After a long delay, local authorities are now certain of their funding for the next two years. However, it came as a surprise to most of us when the Department of Health announced that total public health allocations to local authorities for 2013-14 would be 5.5% higher than baseline figures, with an additional 5% rise the following year.
Within that total, each local authority will receive an increase of at least 2.8% each year, and those authorities that the Advisory Council of Resource Allocation’s (ACRA) new formula defines as under-funded will receive more, for some 10% extra in 2013-14 and in 2014-15. This is good news, despite some concerns.

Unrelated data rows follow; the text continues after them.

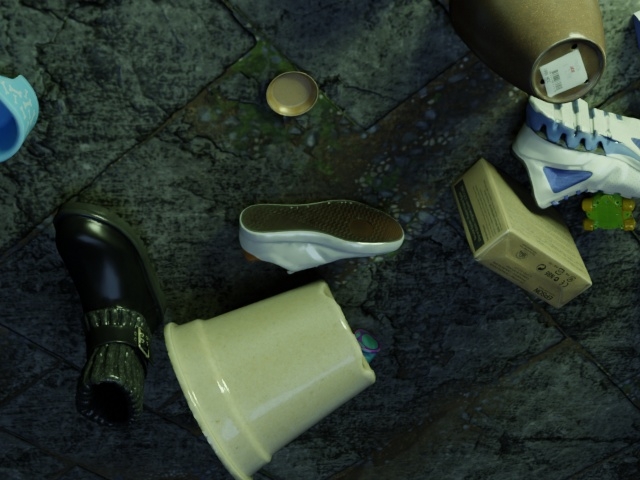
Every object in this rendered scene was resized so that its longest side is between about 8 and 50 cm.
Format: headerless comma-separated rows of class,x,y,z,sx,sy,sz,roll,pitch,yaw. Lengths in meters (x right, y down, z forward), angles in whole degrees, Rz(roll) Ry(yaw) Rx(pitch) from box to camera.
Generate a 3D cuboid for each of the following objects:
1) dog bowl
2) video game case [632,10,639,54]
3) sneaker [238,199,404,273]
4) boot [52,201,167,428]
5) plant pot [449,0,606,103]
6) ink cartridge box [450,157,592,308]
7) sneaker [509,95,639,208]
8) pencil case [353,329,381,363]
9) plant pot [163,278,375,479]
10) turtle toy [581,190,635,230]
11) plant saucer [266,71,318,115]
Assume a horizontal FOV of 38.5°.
dog bowl,-0.544,-0.228,1.340,0.166,0.074,0.297,-25,131,12
video game case,0.663,-0.303,1.516,0.244,0.061,0.269,-21,132,10
sneaker,0.000,0.000,1.641,0.290,0.105,0.123,4,138,-2
boot,-0.369,0.130,1.551,0.131,0.260,0.348,-6,136,18
plant pot,0.320,-0.304,1.333,0.216,0.230,0.215,-6,133,-6
ink cartridge box,0.354,-0.011,1.626,0.235,0.193,0.088,29,123,-30
sneaker,0.460,-0.128,1.582,0.316,0.127,0.182,24,134,-6
pencil case,0.060,0.252,1.892,0.070,0.064,0.151,-1,136,-44
plant pot,-0.078,0.233,1.708,0.306,0.333,0.333,-28,131,-1
turtle toy,0.531,-0.073,1.690,0.095,0.066,0.130,1,133,20
plant saucer,-0.046,-0.237,1.466,0.084,0.015,0.083,-5,132,-6
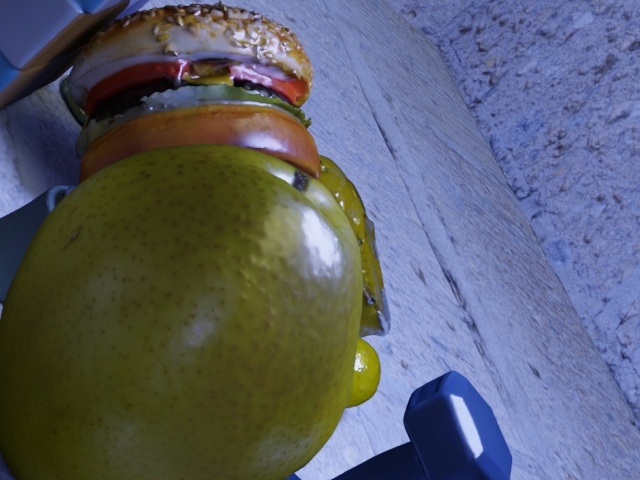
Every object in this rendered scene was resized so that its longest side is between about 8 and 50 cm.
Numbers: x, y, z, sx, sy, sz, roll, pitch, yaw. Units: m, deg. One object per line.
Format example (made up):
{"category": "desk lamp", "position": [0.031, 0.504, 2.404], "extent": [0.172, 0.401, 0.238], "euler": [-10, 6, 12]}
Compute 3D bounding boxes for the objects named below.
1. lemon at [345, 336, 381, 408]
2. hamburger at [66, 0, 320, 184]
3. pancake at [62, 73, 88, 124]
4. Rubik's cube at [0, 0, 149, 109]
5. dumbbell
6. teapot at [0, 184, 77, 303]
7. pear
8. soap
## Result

But what are local authorities expected to achieve in the area of public health? Importantly, the public health outcomes framework gives a clear sense of the core resources available and the outcomes the Department of Health expects from those resources. But the accountability for spending money well is, at best, opaque and arguably not strong enough. This issue needs to be addressed given the healthy rise in funding for all and the stratospheric increase for some.

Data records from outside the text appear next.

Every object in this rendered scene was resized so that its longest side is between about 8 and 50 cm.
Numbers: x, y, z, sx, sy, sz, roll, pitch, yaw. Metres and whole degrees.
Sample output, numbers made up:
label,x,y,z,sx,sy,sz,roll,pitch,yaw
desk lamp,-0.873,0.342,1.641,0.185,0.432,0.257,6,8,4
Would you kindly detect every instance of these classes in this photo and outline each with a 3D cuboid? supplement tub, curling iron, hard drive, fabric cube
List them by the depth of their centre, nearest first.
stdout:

The Communities and Local Government Select Committee has spent a lot of time exploring the complex overlapping array of responsibilities, relationships and balance between national and local leadership in different areas of public health. At the heart of it is a reliance on sector-led improvement, a system based on peer review and support from other local authorities, with very little role for assessment by department’s of state or their appointed agents. Local authorities have won the battle of cultures on this, although the Department of Health will receive a basic report on how their resources have been spent. Public Health England is also bending over backwards to say it is there to support local authorities, not performance manage them – very un-NHS.
But is this really sufficient when the nation’s public health and billions of national tax-payers pounds are at stake? The focus on outcomes as opposed to specific patterns of services (albeit with some exceptions) is right. In the best cases that will mean innovation in service delivery and undoubtedly there will be much more variation in services as a result. That won’t matter, as long as variations in outcomes do not increase. But what happens if they do? What if some areas actually see a decline in life expectancy or others see outcomes that don’t improve at all as a result of big increases in funding?
The answer seems to be that this will either be spotted and acted upon by hawk-eyed armchair auditor citizens poring over the outcomes framework, or by sector-led improvement. The former seems highly unlikely, at least in the short term. So, will sector-led improvement be able to take the strain? Not if the Draft Local Audit Bill ad-hoc Committee are to be believed. In its report on Pre-Legislative Scrutiny of the Draft Local Audit Bill, the Committee was scathing about sector-led performance as a replacement for the Audit Commission’s role in assessing the effectiveness and value for money of local authorities undertaking their functions. In particular, it was extremely concerned about ‘…the absence of a formal mechanisms to identify poorly performing local authorities…’ when ‘…witnesses argued that a body representative of the taxpayer rather than the Local Government Association (LGA)…should be responsible for this work, due to the substantial funds that local authorities receive from central government via taxpayers.’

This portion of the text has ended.